First out of the gate is Ted Chiang’s Stories of Your Life and Others. Cunningly disguised as a collection of science-fiction short stories, this is really philosophy of science and knowledge by other means, and is rather well done. Chiang’s prose is no more than competent, but he has some fascinating ideas, and unlike, say, Greg Egan, he’s actually interested in human beings. My favorite story is Division by Zero which takes the results of Godel’s second theorem and arguments about imaginative resistance, and smashes them together. The story is all about how really good mathematicians can ‘feel’ that a theorem is right. Imagine if one of them came up with a flawless logical proof that 1=2 (which Godel suggests is entirely possible; arithmetic cannot guarantee that it will not produce such contradictions). How then could she reconcile her feeling of the rightness of the theorem with her day-to-day experience of the world? Chiang works through the consequences - and creates a heartbreaking metaphor for human failures of understanding.

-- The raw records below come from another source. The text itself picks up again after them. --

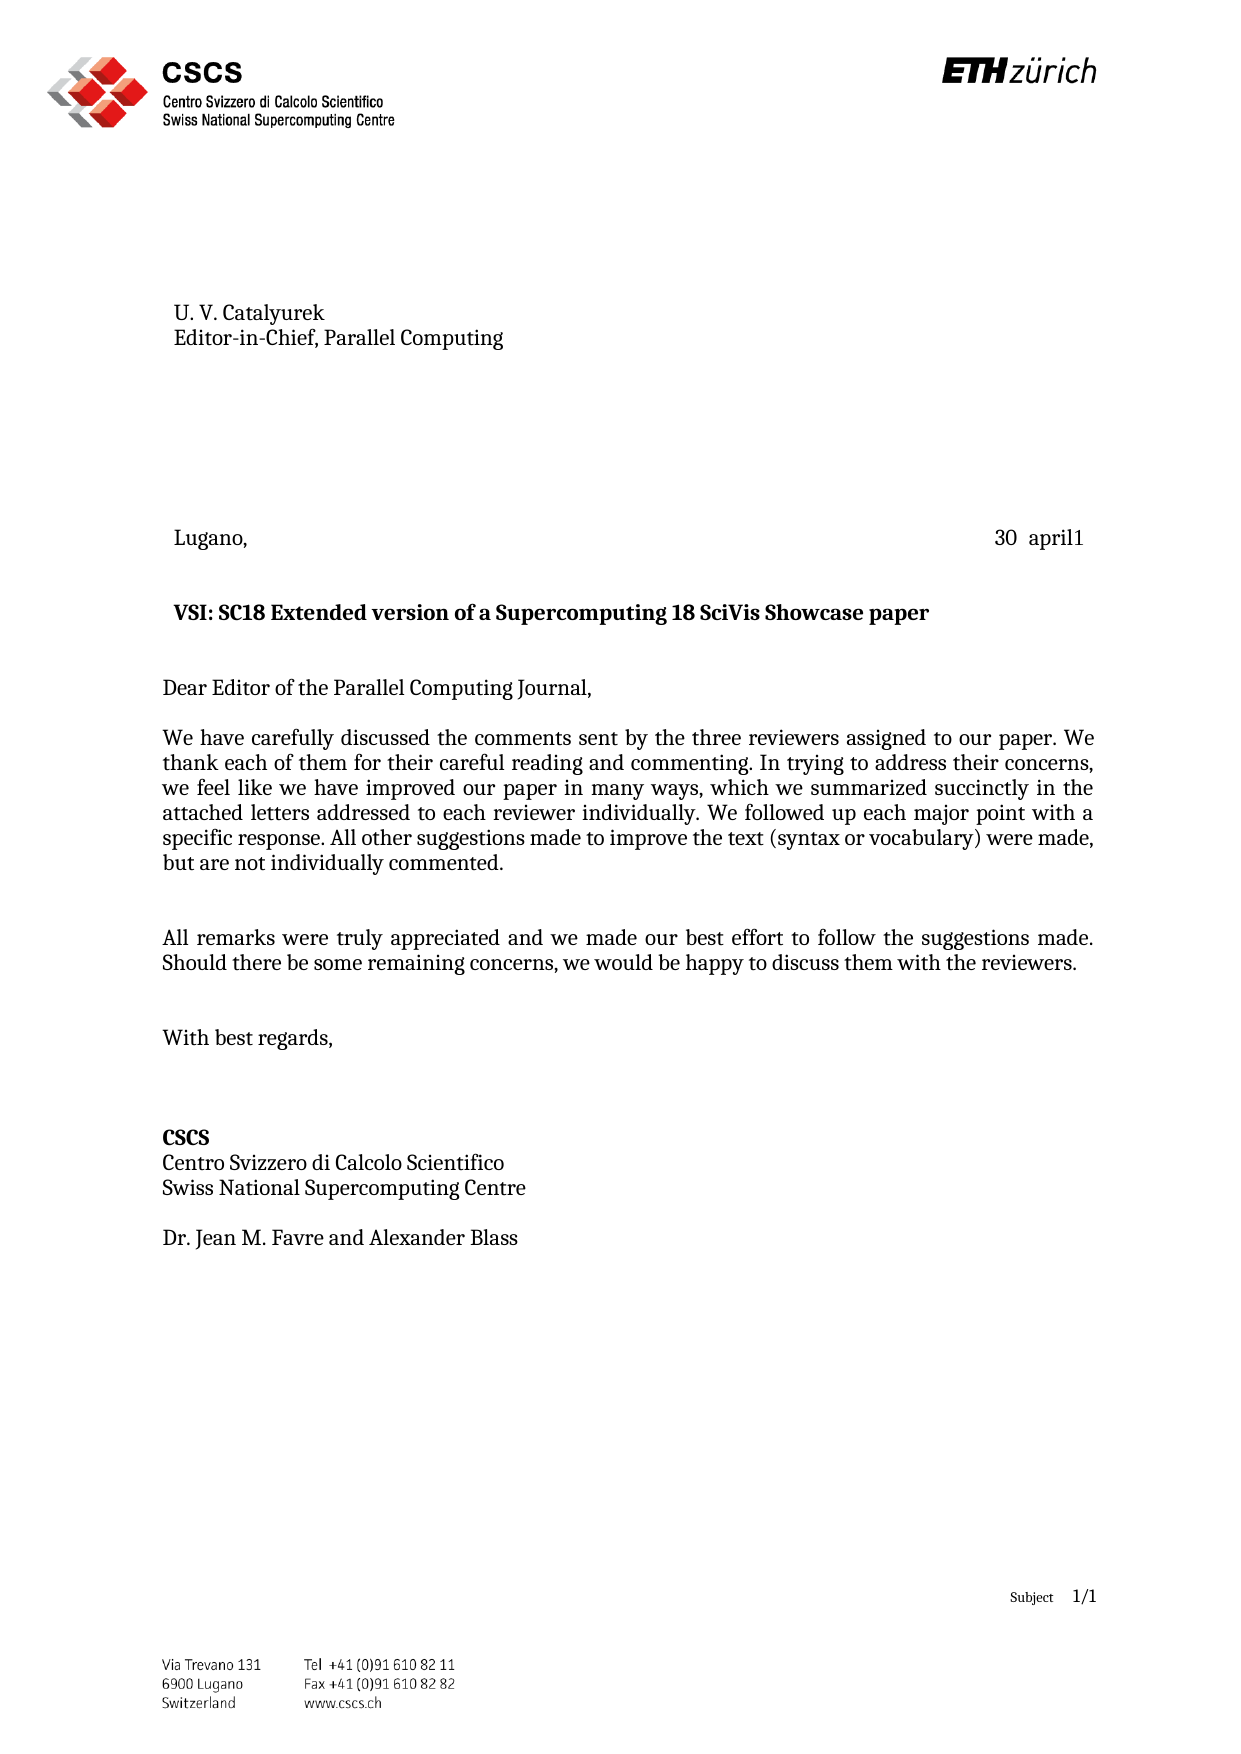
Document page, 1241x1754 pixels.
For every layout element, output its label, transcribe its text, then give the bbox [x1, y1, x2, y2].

table_cell [163, 550, 1095, 600]
text Dear Editor of the Parallel Computing Journal, [162, 675, 1096, 700]
text Swiss National Supercomputing Centre [162, 1175, 1096, 1200]
table_cell [163, 625, 1095, 675]
table_header [629, 300, 1095, 450]
table_cell [163, 450, 1095, 525]
text We have carefully discussed the comments sent by the three reviewers assigned to our paper. We thank each of them for their careful reading and commenting. In trying to address their concerns, we feel like we have improved our paper in many ways, which we summarized succinctly in the attached letters addressed to each reviewer individually. We followed up each major point with a specific response. All other suggestions made to improve the text (syntax or vocabulary) were made, but are not individually commented. [162, 725, 1096, 875]
text CSCS [162, 1125, 1096, 1150]
table_cell Lugano, 30 april1 1 [163, 525, 1095, 550]
text All remarks were truly appreciated and we made our best effort to follow the suggestions made. Should there be some remaining concerns, we would be happy to discuss them with the reviewers. [162, 925, 1096, 975]
text With best regards, [162, 1025, 1096, 1050]
text Dr. Jean M. Favre and Alexander Blass [162, 1225, 1096, 1250]
table_cell VSI: SC18 Extended version of a Supercomputing 18 SciVis Showcase paper [163, 600, 1095, 625]
table_header U. V. Catalyurek Editor-in-Chief, Parallel Computing [163, 300, 629, 450]
text Centro Svizzero di Calcolo Scientifico [162, 1150, 1096, 1175]
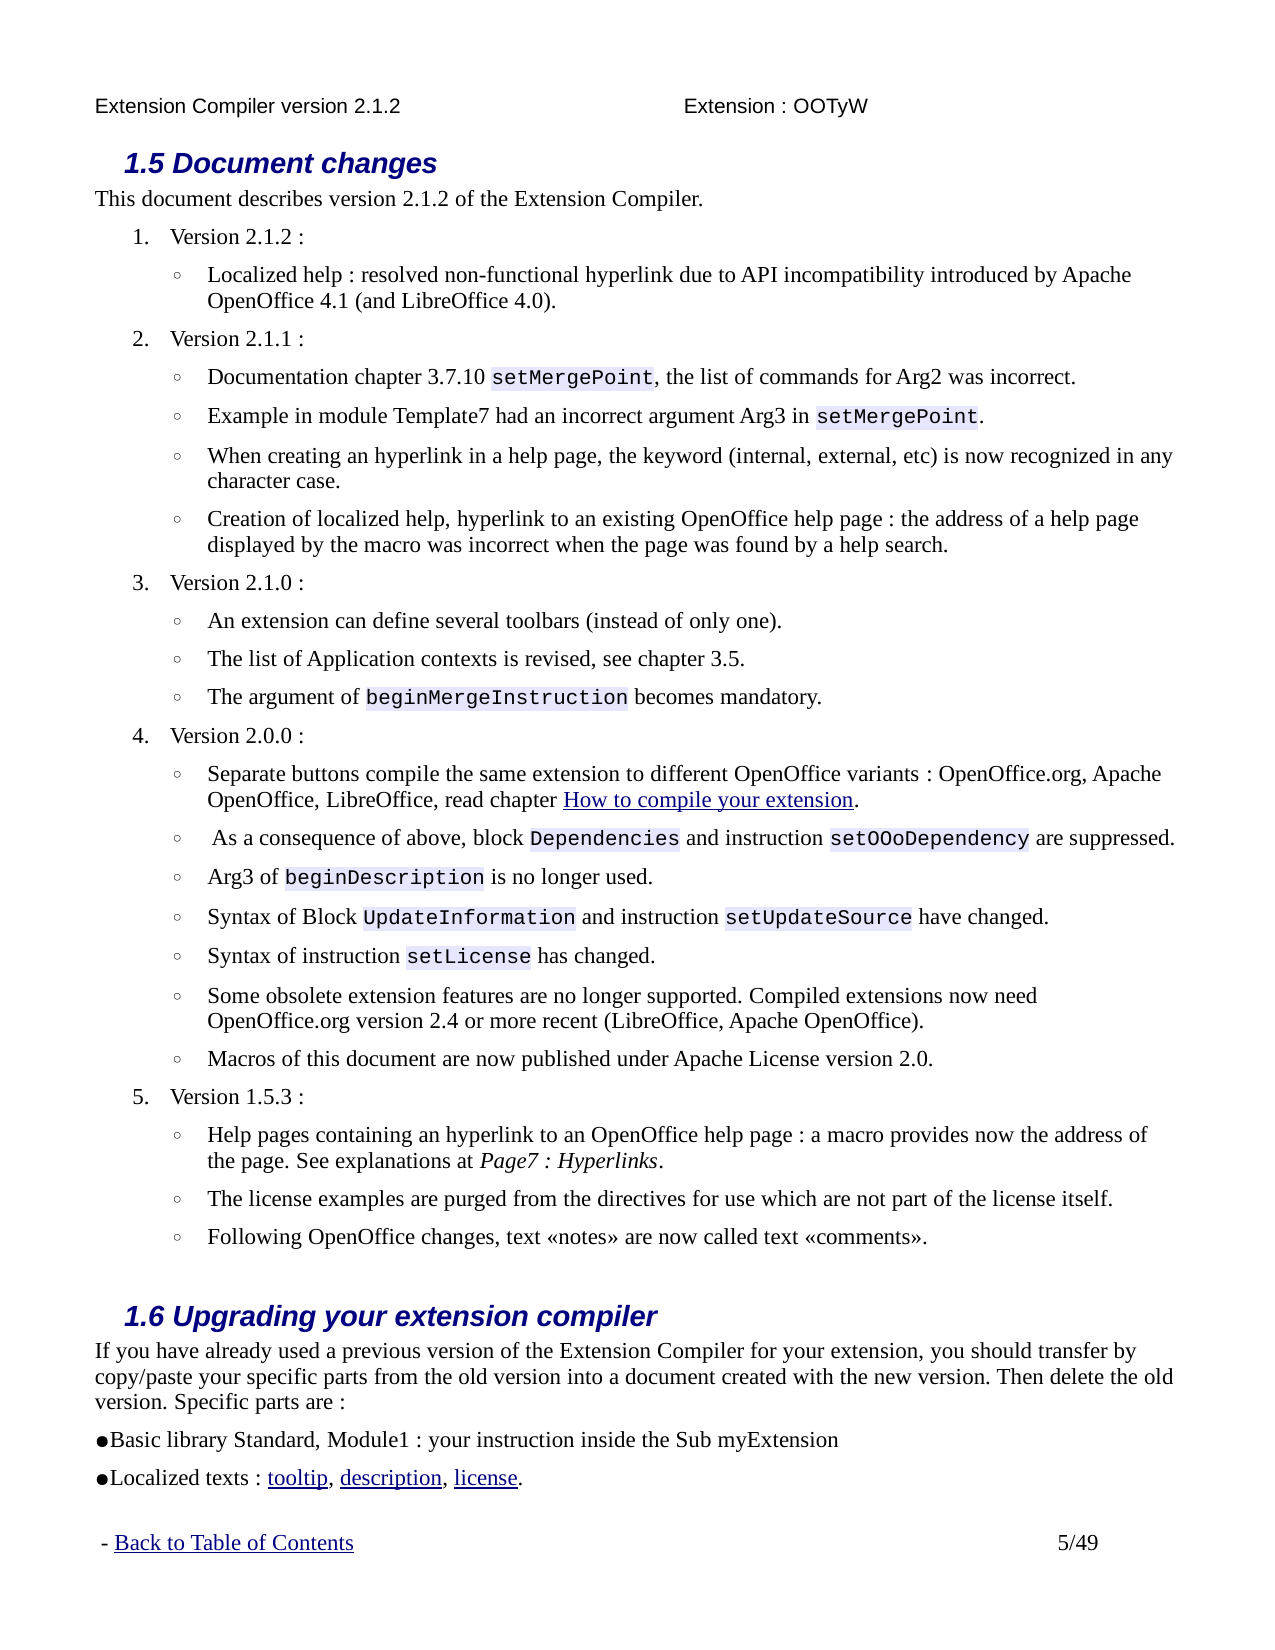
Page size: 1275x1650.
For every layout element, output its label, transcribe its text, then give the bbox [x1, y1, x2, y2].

list The list of Application contexts is revised, see chapter 3.5. [169, 646, 1181, 671]
list Help pages containing an hyperlink to an OpenOffice help page : a macro provides now the address of the page. See explanations at Page7 : Hyperlinks. [169, 1122, 1181, 1173]
list Macros of this document are now published under Apache License version 2.0. [169, 1046, 1181, 1072]
list Version 2.1.1 : [132, 326, 1181, 351]
list The argument of beginMergeInstruction becomes mandatory. [169, 684, 1181, 711]
list When creating an hyperlink in a help page, the keyword (internal, external, etc) is now recognized in any character case. [169, 442, 1181, 493]
list Following OpenOffice changes, text «notes» are now called text «comments». [169, 1224, 1181, 1249]
list Arg3 of beginDescription is no longer used. [169, 864, 1181, 891]
list As a consequence of above, block Dependencies and instruction setOOoDependency are suppressed. [169, 825, 1181, 852]
list An extension can define several toolbars (instead of only one). [169, 608, 1181, 633]
text If you have already used a previous version of the Extension Compiler for your extension, you should transfer by copy/paste your specific parts from the old version into a document created with the new version. Then delete the old version. Specific parts are : [94, 1338, 1181, 1415]
list Separate buttons compile the same extension to different OpenOffice variants : OpenOffice.org, Apache OpenOffice, LibreOffice, read chapter How to compile your extension. [169, 761, 1181, 812]
subtitle Document changes [124, 147, 1181, 180]
list Localized help : resolved non-functional hyperlink due to API incompatibility introduced by Apache OpenOffice 4.1 (and LibreOffice 4.0). [169, 262, 1181, 313]
list Version 2.1.0 : [132, 569, 1181, 595]
list Version 1.5.3 : [132, 1084, 1181, 1110]
list Example in module Template7 had an incorrect argument Arg3 in setMergePoint. [169, 403, 1181, 430]
list Syntax of instruction setLicense has changed. [169, 943, 1181, 970]
list Version 2.0.0 : [132, 723, 1181, 749]
list Version 2.1.2 : [132, 224, 1181, 249]
list Documentation chapter 3.7.10 setMergePoint, the list of commands for Arg2 was incorrect. [169, 363, 1181, 391]
subtitle Upgrading your extension compiler [124, 1300, 1181, 1332]
list Some obsolete extension features are no longer supported. Compiled extensions now need OpenOffice.org version 2.4 or more recent (LibreOffice, Apache OpenOffice). [169, 983, 1181, 1034]
list Creation of localized help, hyperlink to an existing OpenOffice help page : the address of a help page displayed by the macro was incorrect when the page was found by a help search. [169, 506, 1181, 557]
list Localized texts : tooltip, description, license. [94, 1465, 1181, 1491]
list Basic library Standard, Module1 : your instruction inside the Sub myExtension [94, 1427, 1181, 1453]
text This document describes version 2.1.2 of the Extension Compiler. [94, 186, 1181, 211]
list Syntax of Block UpdateInformation and instruction setUpdateSource have changed. [169, 904, 1181, 931]
list The license examples are purged from the directives for use which are not part of the license itself. [169, 1186, 1181, 1211]

Second is a little older, but still relatively obscure, Robert Irwin’s The Arabian Nightmare. It’s an altogether unique and unsettling work. The Arabian Nightmare is a disease of reason, a journey into the Alam al-Mithal, the dream world of 14th century Cairo, in which “there are always more causes than events.” The hapless Balian gets dragged further and further into a half-imaginary city, stalked by the Father of Cats, where dreams are impossible to distinguish from reality. The book is infinitely more subtle and disturbing than bog-standard brain-in-a-jar efforts like The Matrix, and better read too. As Dave Langford describes it
Laughing Dervishes confound the wise with Bertrand Russell’s paradoxes, and courtesans indulge in Freudian dream interpretation. … All is subject to change without notice.”The Arabian Nightmare is a guide to the Orient of the mind,” the blurb concludes, and that’s about it: the meaning of the title keeps shifting and expanding, until it stands for the darker side of that whole complex of fantastic romance conjured up by words like “Cairo”, “Orient” or “Arabian Nights”. If you like historical fantasy and booby-trapped reality, grab the book.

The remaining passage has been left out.